* **Materials provided**:
▬▬▬▬▬▬
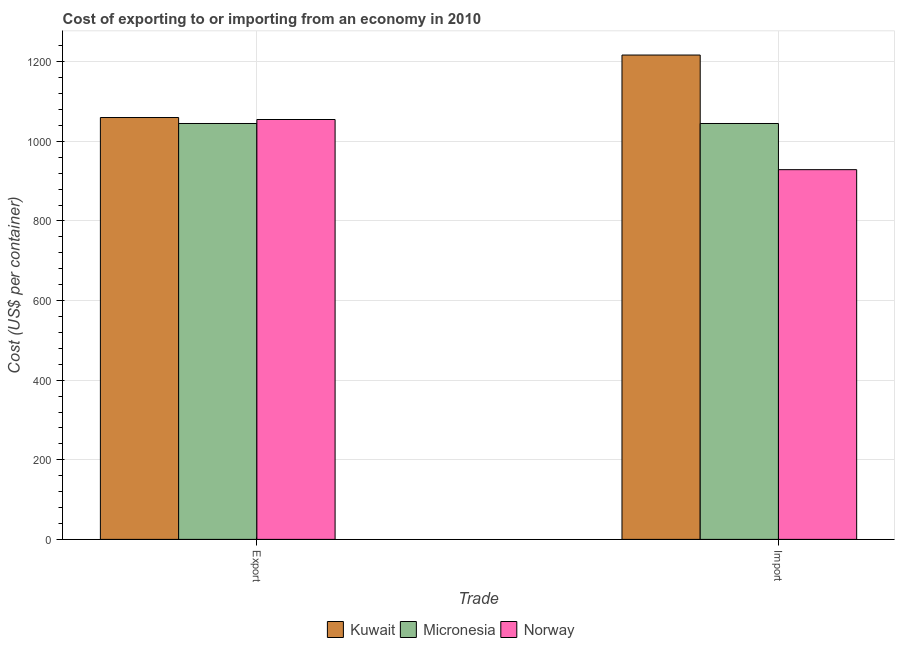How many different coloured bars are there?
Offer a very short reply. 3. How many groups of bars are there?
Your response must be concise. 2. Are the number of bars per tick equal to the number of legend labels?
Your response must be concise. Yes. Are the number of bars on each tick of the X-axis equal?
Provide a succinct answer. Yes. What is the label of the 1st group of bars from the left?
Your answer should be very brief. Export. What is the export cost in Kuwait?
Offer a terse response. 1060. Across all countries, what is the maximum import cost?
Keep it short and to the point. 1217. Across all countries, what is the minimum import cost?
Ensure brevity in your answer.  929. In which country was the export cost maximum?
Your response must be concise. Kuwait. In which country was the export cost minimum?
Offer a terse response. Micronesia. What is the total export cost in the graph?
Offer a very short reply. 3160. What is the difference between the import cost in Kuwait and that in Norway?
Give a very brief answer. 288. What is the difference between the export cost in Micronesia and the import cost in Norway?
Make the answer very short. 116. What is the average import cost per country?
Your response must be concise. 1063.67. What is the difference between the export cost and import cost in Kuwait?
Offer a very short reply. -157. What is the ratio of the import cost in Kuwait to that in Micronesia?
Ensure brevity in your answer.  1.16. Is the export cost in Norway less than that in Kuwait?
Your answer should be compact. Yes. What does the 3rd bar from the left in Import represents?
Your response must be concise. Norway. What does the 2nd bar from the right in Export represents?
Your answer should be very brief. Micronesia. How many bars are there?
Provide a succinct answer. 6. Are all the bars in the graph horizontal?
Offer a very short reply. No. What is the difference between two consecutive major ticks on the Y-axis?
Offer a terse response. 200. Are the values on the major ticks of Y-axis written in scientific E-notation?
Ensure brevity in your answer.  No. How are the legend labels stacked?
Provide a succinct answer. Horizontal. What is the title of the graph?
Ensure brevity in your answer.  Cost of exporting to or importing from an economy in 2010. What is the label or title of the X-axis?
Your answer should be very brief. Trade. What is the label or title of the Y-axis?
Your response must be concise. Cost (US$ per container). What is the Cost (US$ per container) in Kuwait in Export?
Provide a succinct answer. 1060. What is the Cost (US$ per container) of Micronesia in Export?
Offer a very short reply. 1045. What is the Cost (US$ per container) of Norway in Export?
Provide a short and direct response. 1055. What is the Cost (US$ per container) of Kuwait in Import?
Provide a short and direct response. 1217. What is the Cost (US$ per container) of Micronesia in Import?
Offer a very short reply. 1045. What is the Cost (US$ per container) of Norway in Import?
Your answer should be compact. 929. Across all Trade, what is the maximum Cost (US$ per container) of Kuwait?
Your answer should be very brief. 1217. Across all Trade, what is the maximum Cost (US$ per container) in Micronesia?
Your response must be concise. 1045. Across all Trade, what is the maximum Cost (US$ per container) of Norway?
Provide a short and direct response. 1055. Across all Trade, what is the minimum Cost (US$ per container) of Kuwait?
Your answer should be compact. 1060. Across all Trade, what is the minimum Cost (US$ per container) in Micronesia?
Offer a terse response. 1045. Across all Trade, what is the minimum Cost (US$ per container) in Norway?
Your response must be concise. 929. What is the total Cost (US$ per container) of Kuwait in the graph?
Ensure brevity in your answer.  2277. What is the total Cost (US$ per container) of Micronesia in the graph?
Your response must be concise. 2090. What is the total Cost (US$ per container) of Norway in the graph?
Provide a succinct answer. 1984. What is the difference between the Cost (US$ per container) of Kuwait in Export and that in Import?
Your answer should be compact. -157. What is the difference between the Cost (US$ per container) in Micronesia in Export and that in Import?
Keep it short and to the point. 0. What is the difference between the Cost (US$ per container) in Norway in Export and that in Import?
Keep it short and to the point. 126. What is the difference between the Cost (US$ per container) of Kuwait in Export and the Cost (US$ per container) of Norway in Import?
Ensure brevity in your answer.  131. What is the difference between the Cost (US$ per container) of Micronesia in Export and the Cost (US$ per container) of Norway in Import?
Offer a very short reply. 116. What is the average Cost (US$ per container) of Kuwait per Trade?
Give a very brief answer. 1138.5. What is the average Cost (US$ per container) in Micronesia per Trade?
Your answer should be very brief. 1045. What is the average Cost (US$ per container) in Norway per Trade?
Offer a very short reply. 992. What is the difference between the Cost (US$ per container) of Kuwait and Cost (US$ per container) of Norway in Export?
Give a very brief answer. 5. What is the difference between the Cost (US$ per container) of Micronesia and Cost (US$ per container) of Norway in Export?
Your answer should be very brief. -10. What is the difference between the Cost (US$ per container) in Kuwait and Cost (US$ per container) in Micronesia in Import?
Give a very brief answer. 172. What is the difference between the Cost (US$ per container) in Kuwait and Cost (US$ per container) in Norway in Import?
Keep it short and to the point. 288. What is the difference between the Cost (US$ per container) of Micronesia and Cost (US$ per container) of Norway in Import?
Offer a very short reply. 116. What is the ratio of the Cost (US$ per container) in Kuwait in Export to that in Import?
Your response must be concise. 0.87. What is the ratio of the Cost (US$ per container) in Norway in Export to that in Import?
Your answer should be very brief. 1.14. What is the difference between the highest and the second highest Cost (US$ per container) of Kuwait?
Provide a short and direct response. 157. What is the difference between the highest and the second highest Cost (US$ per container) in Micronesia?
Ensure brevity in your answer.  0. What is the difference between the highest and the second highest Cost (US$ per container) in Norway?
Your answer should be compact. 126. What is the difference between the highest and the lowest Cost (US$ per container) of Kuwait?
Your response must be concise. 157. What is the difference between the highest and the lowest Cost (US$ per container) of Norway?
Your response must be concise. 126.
▬▬▬▬▬▬
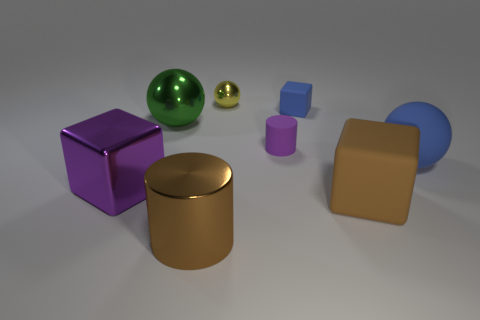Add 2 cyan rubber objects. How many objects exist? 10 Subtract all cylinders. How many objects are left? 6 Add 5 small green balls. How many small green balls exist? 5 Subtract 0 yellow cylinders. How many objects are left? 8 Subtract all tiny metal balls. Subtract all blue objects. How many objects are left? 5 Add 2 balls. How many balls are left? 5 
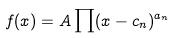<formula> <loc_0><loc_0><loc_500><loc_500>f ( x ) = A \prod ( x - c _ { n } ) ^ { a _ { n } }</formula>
▬▬▬▬▬▬
* **Problem requirements**:
Using the entries above, give back exactly the line containing "Your response must be concise. Norway.", the line containing "Provide a succinct answer. 1060.", and every line between them, and nothing else.

* **Exercise output**:
Your response must be concise. Norway. What does the 2nd bar from the right in Export represents?
Your answer should be very brief. Micronesia. How many bars are there?
Provide a succinct answer. 6. Are all the bars in the graph horizontal?
Offer a very short reply. No. What is the difference between two consecutive major ticks on the Y-axis?
Offer a terse response. 200. Are the values on the major ticks of Y-axis written in scientific E-notation?
Ensure brevity in your answer.  No. How are the legend labels stacked?
Provide a succinct answer. Horizontal. What is the title of the graph?
Ensure brevity in your answer.  Cost of exporting to or importing from an economy in 2010. What is the label or title of the X-axis?
Your answer should be very brief. Trade. What is the label or title of the Y-axis?
Your response must be concise. Cost (US$ per container). What is the Cost (US$ per container) in Kuwait in Export?
Provide a succinct answer. 1060. What is the Cost (US$ per container) of Micronesia in Export?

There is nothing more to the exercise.